Event Extraction (EE) is widely used in the Chinese financial field to provide valuable structured information. However, there are two key challenges for Chinese financial EE in application scenarios. First, events need to be extracted from raw texts, which sets it apart from previous works like the Automatic Content Extraction (ACE) EE task, where EE is treated as a classification problem given the entity spans. Second, recognizing financial entities can be laborious, as they may involve multiple elements. In this paper, we introduce CFTE, a novel task for Chinese Financial Text-to-Event extraction, which directly extracts financial events from raw texts.

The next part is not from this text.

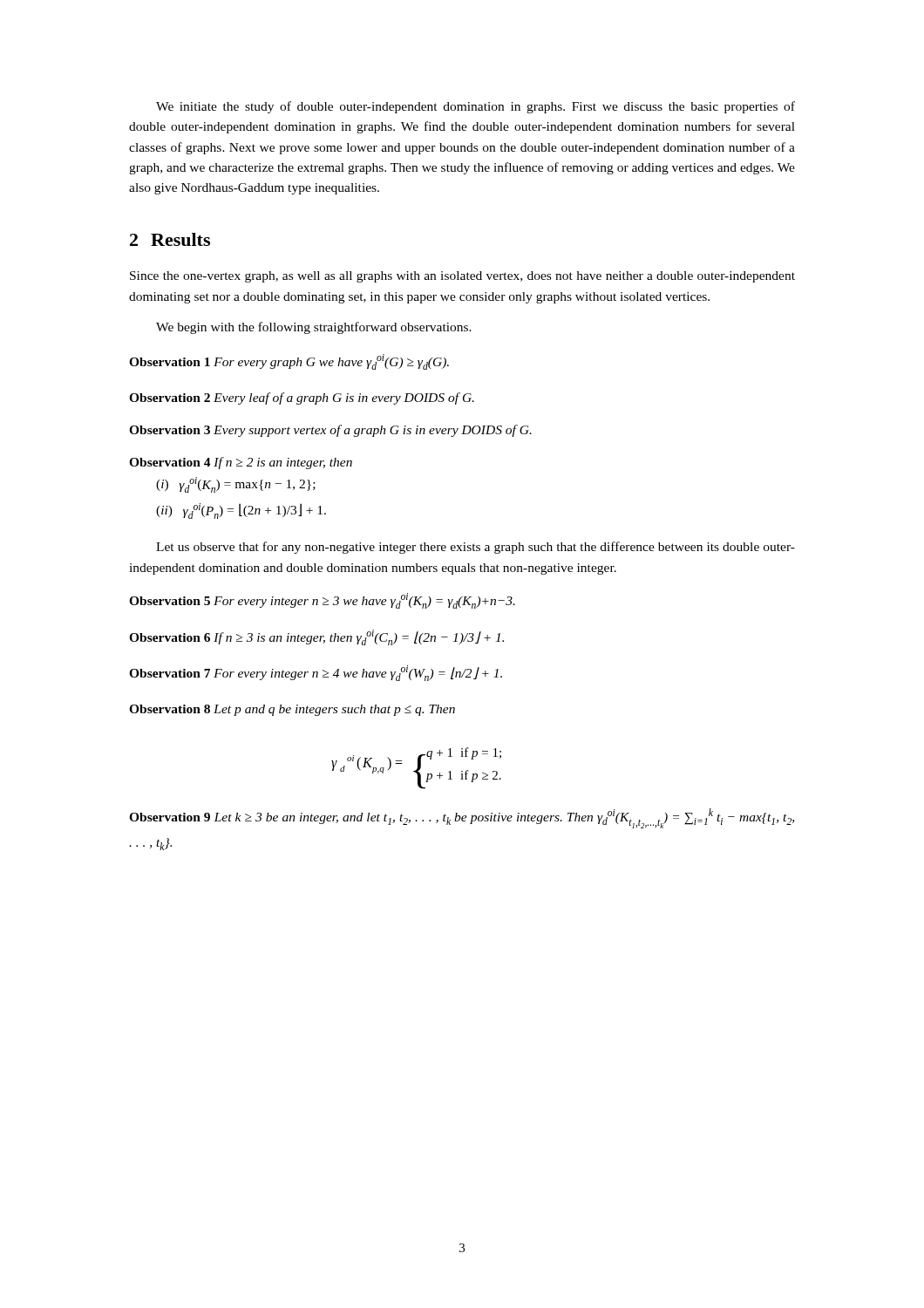Point to the block beginning "Observation 1 For every graph"
Image resolution: width=924 pixels, height=1308 pixels.
289,362
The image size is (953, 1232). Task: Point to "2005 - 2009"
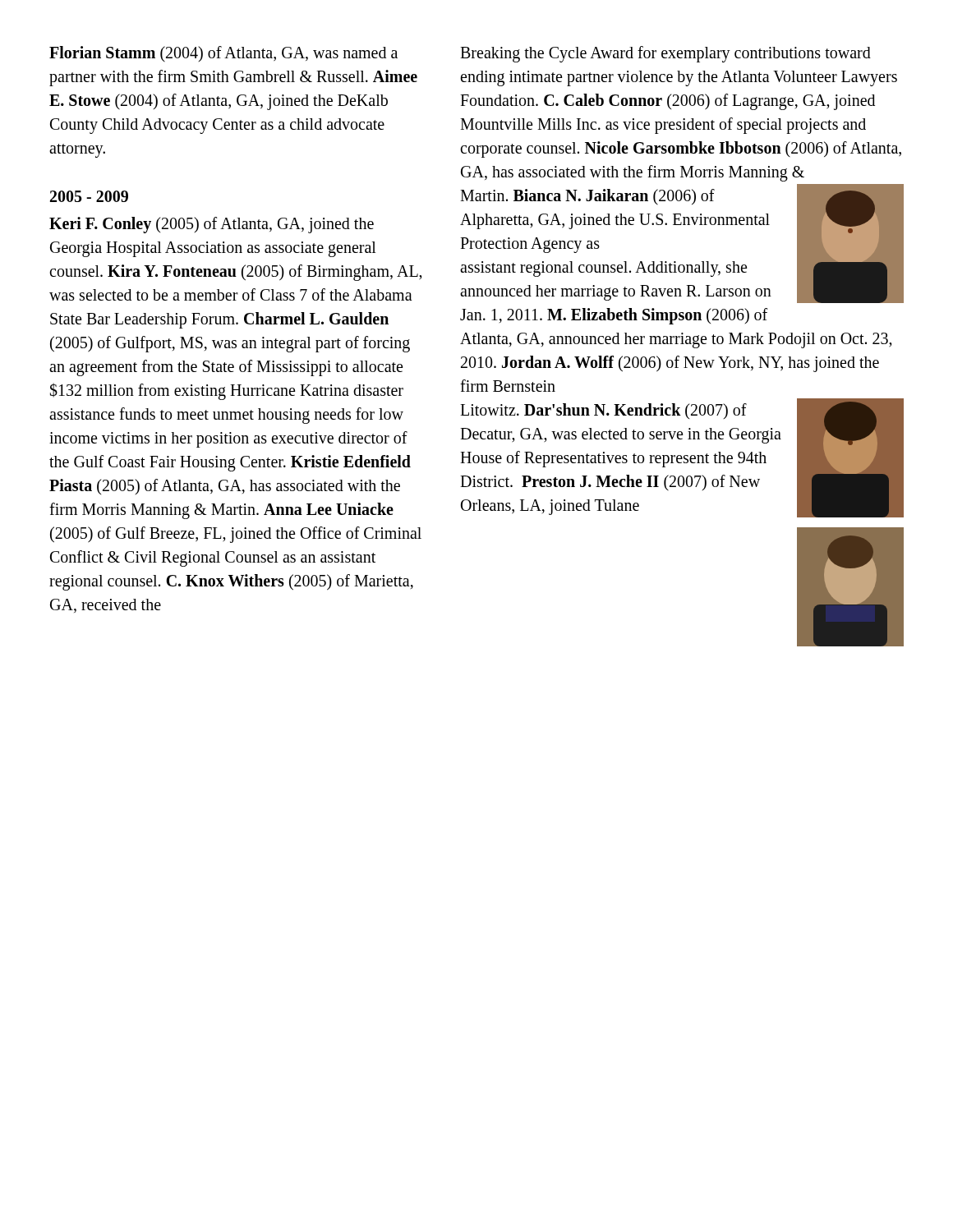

We further present FINEED, a Chinese FINancial Event Extraction Dataset, and an efficient MAtrix-ChunKing method called MACK, designed for the extraction of financial events from raw texts. Specifically, FINEED is manually annotated with rich linguistic features. We propose a novel two-dimensional annotation method for FINEED, which can visualize the interactions among text components. Our MACK method is fault-tolerant by preserving the tag frequency distribution when identifying financial entities. We conduct extensive experiments and the results verify the effectiveness of our MACK method.

2021

pdf
Exploring Sentence Community for Document-Level Event Extraction
Yusheng Huang | Weijia Jia
Findings of the Association for Computational Linguistics: EMNLP 2021

Document-level event extraction is critical to various natural language processing tasks for providing structured information. Existing approaches by sequential modeling neglect the complex logic structures for long texts. In this paper, we leverage the entity interactions and sentence interactions within long documents and transform each document into an undirected unweighted graph by exploiting the relationship between sentences. We introduce the Sentence Community to represent each event as a subgraph. Furthermore, our framework SCDEE maintains the ability to extract multiple events by sentence community detection using graph attention networks and alleviate the role overlapping issue by predicting arguments in terms of roles. Experiments demonstrate that our framework achieves competitive results over state-of-the-art methods on the large-scale document-level event extraction dataset.